Please take the lines from the one holding "face 4: released by +X" through the one holding "face 6: zero draft" in the data below and copy them exactly.
<<<<
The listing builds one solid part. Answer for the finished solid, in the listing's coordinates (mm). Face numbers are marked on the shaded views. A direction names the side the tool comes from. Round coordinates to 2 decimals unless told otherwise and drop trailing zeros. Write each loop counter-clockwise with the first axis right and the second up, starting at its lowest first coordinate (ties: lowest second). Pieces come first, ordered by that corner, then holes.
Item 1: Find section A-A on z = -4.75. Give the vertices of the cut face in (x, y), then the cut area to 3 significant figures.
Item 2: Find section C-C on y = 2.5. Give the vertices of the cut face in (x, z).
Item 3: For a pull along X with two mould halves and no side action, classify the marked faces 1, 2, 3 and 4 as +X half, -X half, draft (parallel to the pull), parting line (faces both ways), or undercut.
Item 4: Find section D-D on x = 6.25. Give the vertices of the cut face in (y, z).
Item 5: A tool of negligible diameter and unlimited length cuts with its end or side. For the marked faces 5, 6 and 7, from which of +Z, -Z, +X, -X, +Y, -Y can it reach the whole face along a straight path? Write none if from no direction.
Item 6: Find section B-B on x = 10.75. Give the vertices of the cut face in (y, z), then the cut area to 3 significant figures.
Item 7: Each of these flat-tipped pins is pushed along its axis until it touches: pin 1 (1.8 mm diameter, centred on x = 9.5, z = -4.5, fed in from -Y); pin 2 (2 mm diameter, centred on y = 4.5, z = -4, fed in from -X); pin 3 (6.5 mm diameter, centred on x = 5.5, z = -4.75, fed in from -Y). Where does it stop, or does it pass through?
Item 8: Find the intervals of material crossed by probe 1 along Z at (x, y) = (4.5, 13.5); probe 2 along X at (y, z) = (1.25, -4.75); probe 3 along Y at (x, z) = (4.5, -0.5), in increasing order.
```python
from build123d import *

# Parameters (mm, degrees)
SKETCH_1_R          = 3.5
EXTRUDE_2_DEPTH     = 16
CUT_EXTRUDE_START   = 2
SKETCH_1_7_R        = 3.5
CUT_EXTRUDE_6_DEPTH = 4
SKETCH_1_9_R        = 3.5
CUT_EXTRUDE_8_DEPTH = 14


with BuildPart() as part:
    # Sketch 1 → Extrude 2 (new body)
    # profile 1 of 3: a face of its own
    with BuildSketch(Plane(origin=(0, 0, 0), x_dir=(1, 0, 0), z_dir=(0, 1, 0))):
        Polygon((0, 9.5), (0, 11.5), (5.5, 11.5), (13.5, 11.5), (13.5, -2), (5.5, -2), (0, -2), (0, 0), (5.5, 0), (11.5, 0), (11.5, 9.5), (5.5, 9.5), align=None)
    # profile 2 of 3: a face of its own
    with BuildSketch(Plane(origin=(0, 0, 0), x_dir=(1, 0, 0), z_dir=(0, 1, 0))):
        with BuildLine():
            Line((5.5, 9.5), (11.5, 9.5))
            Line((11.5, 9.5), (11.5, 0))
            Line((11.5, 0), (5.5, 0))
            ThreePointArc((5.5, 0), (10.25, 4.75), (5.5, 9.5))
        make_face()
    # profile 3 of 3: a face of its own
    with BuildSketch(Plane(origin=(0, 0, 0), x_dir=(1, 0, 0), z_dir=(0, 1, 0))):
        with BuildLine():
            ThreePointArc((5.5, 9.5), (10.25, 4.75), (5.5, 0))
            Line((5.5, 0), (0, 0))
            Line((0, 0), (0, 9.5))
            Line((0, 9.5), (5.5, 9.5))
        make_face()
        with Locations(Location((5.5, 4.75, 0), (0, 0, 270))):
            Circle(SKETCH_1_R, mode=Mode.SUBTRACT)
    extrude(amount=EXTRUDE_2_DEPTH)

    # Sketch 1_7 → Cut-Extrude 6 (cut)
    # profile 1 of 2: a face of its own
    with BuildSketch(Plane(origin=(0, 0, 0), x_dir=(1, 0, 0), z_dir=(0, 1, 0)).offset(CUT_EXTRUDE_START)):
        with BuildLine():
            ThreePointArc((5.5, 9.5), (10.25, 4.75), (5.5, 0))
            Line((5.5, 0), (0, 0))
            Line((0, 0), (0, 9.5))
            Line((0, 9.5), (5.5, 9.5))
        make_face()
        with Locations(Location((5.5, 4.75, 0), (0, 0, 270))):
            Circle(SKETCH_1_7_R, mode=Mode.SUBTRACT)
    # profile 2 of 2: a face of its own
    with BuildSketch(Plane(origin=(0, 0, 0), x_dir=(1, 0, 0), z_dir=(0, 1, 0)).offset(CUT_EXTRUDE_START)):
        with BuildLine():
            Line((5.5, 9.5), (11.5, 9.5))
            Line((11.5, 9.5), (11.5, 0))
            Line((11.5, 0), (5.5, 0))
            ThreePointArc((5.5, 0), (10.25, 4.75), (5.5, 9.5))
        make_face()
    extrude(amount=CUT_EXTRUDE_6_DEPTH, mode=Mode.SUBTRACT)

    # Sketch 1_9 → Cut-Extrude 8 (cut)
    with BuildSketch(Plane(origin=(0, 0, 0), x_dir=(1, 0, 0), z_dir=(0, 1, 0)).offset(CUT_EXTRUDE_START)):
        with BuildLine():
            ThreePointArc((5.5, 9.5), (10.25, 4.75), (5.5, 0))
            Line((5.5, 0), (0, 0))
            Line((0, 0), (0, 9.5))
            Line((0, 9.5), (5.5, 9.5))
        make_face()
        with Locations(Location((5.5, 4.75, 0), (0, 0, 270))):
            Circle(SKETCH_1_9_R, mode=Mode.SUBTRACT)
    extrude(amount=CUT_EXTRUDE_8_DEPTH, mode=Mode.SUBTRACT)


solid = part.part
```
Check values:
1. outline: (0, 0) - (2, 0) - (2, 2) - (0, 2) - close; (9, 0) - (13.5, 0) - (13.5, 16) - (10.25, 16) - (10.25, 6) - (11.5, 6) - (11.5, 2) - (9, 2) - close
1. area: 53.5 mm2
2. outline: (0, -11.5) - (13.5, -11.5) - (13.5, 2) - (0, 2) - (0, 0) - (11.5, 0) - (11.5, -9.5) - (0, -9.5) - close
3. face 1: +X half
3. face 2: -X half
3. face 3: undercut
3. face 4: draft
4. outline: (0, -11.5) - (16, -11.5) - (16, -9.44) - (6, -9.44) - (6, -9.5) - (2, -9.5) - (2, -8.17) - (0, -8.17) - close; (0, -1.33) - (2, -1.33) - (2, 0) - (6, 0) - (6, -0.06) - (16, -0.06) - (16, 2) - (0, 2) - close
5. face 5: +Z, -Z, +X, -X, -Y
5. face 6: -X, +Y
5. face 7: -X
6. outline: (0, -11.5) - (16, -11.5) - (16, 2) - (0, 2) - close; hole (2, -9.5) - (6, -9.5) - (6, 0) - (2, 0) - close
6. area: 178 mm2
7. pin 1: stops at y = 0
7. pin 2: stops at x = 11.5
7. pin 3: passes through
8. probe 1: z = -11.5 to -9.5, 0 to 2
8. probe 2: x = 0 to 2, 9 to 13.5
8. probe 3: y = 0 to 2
>>>>
<<<<
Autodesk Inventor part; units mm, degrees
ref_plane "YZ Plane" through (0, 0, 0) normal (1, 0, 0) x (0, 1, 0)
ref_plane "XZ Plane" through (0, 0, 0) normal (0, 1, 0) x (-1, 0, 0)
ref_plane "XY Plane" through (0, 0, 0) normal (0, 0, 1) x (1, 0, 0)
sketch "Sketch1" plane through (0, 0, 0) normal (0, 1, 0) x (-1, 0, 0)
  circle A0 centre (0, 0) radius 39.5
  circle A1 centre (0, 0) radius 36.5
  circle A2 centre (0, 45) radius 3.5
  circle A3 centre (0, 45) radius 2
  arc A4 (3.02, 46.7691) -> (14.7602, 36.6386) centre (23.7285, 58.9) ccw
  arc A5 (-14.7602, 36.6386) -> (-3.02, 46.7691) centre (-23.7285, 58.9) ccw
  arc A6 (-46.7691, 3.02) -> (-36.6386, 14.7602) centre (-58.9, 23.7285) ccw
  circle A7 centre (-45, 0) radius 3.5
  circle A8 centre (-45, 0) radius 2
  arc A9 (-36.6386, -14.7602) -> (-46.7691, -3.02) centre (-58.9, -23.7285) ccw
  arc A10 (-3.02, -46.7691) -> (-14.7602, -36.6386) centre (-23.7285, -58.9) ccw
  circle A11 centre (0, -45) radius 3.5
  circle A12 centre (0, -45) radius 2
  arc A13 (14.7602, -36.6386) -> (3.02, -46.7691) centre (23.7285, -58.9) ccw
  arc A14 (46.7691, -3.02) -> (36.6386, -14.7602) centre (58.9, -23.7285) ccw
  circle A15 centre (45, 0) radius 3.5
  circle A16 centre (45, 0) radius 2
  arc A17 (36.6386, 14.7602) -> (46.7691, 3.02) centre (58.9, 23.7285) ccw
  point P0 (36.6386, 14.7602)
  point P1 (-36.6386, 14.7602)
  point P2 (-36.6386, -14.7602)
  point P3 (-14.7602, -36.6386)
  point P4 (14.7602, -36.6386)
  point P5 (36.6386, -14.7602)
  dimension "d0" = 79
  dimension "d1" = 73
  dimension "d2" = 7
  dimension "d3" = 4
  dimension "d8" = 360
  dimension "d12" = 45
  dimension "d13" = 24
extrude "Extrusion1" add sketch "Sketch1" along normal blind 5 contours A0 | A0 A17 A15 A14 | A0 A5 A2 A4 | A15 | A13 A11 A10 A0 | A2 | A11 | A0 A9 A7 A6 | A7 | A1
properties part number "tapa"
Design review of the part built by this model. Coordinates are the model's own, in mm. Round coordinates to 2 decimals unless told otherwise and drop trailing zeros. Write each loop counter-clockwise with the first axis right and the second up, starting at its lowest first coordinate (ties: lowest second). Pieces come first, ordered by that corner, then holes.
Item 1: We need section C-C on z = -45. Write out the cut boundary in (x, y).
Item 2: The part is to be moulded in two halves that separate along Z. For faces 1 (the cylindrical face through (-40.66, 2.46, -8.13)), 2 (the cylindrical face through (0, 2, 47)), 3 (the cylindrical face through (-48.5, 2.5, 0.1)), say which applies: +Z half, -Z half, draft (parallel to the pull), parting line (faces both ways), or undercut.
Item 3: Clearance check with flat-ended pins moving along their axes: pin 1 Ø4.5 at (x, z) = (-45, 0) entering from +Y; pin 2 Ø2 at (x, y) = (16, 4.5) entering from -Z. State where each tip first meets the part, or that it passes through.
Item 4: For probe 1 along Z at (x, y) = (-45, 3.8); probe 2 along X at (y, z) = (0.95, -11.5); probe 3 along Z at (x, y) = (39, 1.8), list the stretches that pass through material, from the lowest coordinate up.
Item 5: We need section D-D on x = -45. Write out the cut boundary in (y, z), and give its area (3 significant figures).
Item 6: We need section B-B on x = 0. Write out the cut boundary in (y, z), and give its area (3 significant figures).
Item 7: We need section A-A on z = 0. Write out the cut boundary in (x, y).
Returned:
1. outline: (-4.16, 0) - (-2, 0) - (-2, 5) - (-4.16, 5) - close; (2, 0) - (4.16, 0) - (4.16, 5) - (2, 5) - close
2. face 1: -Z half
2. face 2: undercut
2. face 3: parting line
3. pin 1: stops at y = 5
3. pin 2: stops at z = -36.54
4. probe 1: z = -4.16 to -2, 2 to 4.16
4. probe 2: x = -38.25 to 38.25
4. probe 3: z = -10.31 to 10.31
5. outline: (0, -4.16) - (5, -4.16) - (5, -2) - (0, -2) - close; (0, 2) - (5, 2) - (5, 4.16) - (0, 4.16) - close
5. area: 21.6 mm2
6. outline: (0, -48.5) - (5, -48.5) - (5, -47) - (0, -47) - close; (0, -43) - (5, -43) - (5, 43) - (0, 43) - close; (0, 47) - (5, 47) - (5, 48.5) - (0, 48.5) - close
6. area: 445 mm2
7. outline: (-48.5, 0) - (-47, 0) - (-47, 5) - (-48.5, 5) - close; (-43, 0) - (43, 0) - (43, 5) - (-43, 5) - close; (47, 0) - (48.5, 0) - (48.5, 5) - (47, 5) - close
>>>>
<<<<
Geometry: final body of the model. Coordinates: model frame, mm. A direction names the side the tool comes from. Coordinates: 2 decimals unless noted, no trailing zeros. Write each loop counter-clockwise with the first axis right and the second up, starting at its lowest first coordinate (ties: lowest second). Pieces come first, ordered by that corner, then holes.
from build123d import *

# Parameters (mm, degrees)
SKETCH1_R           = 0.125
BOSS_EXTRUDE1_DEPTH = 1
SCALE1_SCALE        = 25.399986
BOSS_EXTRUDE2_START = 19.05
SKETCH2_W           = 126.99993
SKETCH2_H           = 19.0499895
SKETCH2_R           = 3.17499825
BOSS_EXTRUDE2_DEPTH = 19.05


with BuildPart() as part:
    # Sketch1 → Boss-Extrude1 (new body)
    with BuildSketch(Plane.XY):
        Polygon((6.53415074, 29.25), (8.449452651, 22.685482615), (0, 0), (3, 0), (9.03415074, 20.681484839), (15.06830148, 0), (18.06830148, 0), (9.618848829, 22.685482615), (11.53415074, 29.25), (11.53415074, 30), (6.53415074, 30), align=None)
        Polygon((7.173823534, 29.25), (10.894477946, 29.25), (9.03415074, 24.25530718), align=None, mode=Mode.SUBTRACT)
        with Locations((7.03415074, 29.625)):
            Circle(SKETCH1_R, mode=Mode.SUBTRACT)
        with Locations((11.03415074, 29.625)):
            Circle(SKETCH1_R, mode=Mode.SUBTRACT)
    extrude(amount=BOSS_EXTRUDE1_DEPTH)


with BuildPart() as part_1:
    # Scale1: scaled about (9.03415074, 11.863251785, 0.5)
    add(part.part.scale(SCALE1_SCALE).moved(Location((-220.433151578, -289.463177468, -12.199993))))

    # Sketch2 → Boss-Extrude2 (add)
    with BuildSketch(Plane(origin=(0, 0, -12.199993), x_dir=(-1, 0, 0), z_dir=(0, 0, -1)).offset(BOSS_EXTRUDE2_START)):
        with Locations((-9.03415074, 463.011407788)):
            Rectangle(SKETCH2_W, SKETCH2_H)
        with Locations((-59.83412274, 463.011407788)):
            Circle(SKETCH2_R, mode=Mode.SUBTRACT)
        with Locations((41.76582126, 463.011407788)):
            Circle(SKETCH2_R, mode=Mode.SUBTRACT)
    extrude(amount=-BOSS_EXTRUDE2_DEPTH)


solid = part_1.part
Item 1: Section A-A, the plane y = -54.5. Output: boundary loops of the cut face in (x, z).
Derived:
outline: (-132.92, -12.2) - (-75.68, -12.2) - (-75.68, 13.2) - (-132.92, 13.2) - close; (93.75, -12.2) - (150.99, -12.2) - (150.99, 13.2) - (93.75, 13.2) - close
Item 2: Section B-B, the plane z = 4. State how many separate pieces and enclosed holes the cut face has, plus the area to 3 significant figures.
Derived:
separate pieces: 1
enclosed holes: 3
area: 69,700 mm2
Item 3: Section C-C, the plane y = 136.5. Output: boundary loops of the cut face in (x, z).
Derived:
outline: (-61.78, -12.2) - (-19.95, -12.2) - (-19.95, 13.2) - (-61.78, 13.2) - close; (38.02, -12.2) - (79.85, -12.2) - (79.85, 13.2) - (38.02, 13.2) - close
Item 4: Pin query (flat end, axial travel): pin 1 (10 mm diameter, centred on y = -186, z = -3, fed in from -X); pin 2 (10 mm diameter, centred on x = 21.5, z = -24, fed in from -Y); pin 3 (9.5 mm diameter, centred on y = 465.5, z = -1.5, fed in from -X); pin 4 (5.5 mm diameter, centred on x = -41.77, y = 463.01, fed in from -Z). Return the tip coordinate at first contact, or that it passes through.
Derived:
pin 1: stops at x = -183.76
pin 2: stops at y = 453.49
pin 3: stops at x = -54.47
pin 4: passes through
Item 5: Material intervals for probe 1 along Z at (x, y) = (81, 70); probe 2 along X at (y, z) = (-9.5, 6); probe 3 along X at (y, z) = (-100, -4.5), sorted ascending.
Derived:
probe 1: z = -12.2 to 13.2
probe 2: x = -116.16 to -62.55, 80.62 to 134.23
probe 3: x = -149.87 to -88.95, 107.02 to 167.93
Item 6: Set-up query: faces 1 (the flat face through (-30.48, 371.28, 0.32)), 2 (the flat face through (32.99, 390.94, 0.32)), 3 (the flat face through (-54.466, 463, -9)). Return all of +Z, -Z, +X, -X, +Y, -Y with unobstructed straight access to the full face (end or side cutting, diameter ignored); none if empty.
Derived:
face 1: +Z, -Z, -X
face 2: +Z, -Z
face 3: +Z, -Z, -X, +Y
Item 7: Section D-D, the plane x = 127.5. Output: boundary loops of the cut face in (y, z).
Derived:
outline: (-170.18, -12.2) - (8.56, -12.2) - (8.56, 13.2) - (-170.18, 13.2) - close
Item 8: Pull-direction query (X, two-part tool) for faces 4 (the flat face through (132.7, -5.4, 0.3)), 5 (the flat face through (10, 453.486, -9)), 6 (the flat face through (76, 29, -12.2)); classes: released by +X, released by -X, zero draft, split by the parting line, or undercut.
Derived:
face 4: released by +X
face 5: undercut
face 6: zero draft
>>>>
(Task response)
face 4: released by +X
face 5: undercut
face 6: zero draft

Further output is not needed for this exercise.